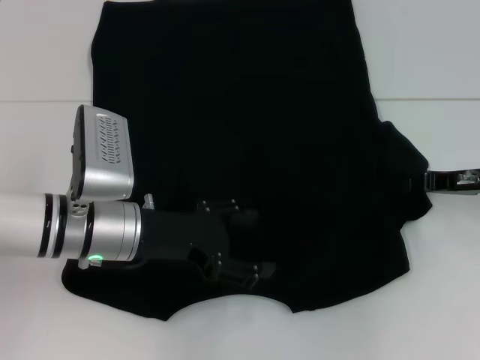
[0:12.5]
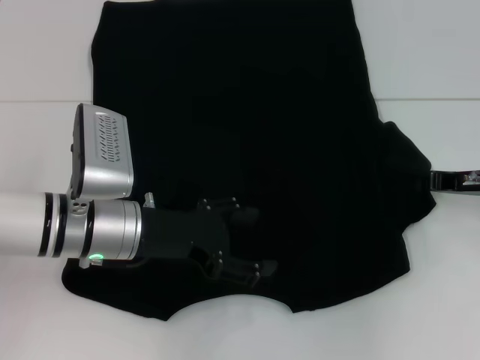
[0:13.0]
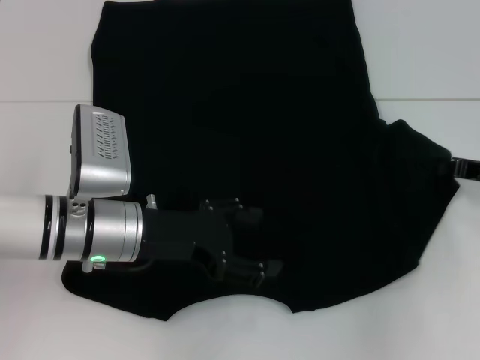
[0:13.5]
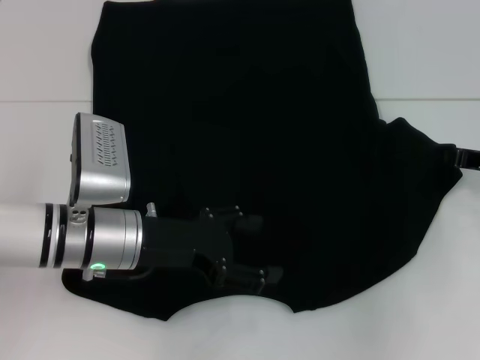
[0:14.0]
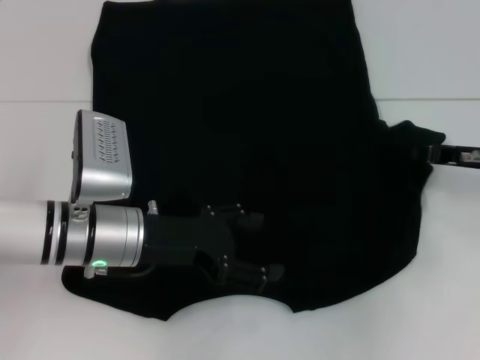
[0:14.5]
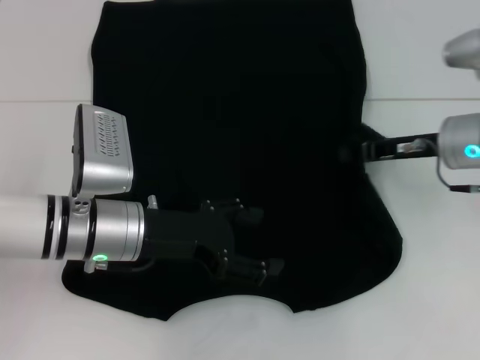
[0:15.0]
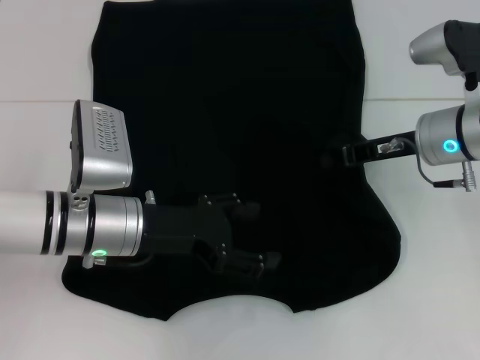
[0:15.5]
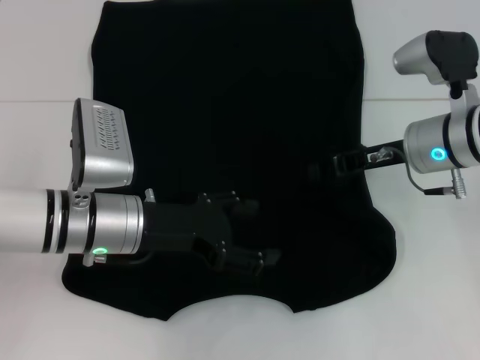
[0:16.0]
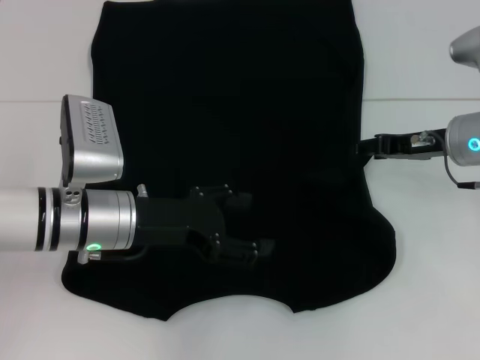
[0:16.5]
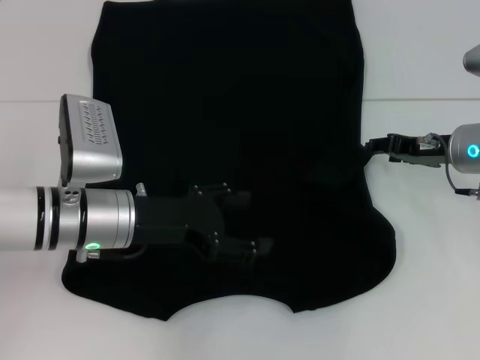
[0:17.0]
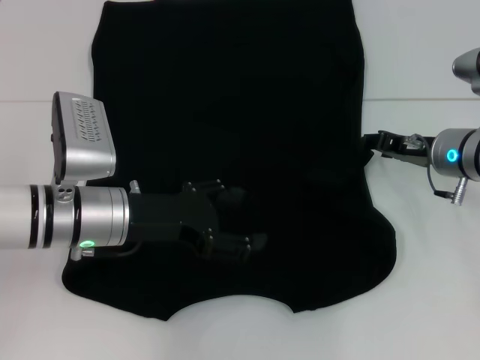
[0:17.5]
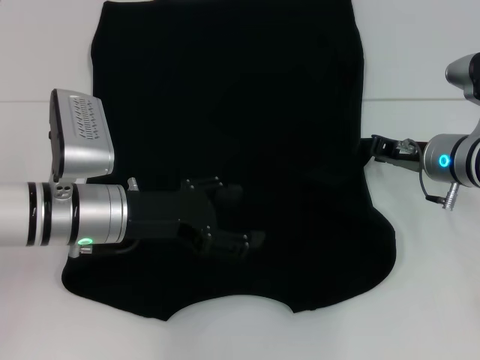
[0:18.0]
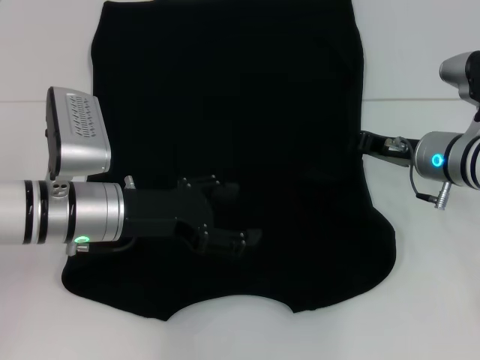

**PROBLEM**
Every entry should be written out word for word, except for its pictures.

**ANSWER TO THIS TASK**
[0:12.5]
[0:13.0]
[0:13.5]
[0:14.0]
[0:14.5]
[0:15.0]
[0:15.5]
[0:16.0]
[0:16.5]
[0:17.0]
[0:17.5]
[0:18.0]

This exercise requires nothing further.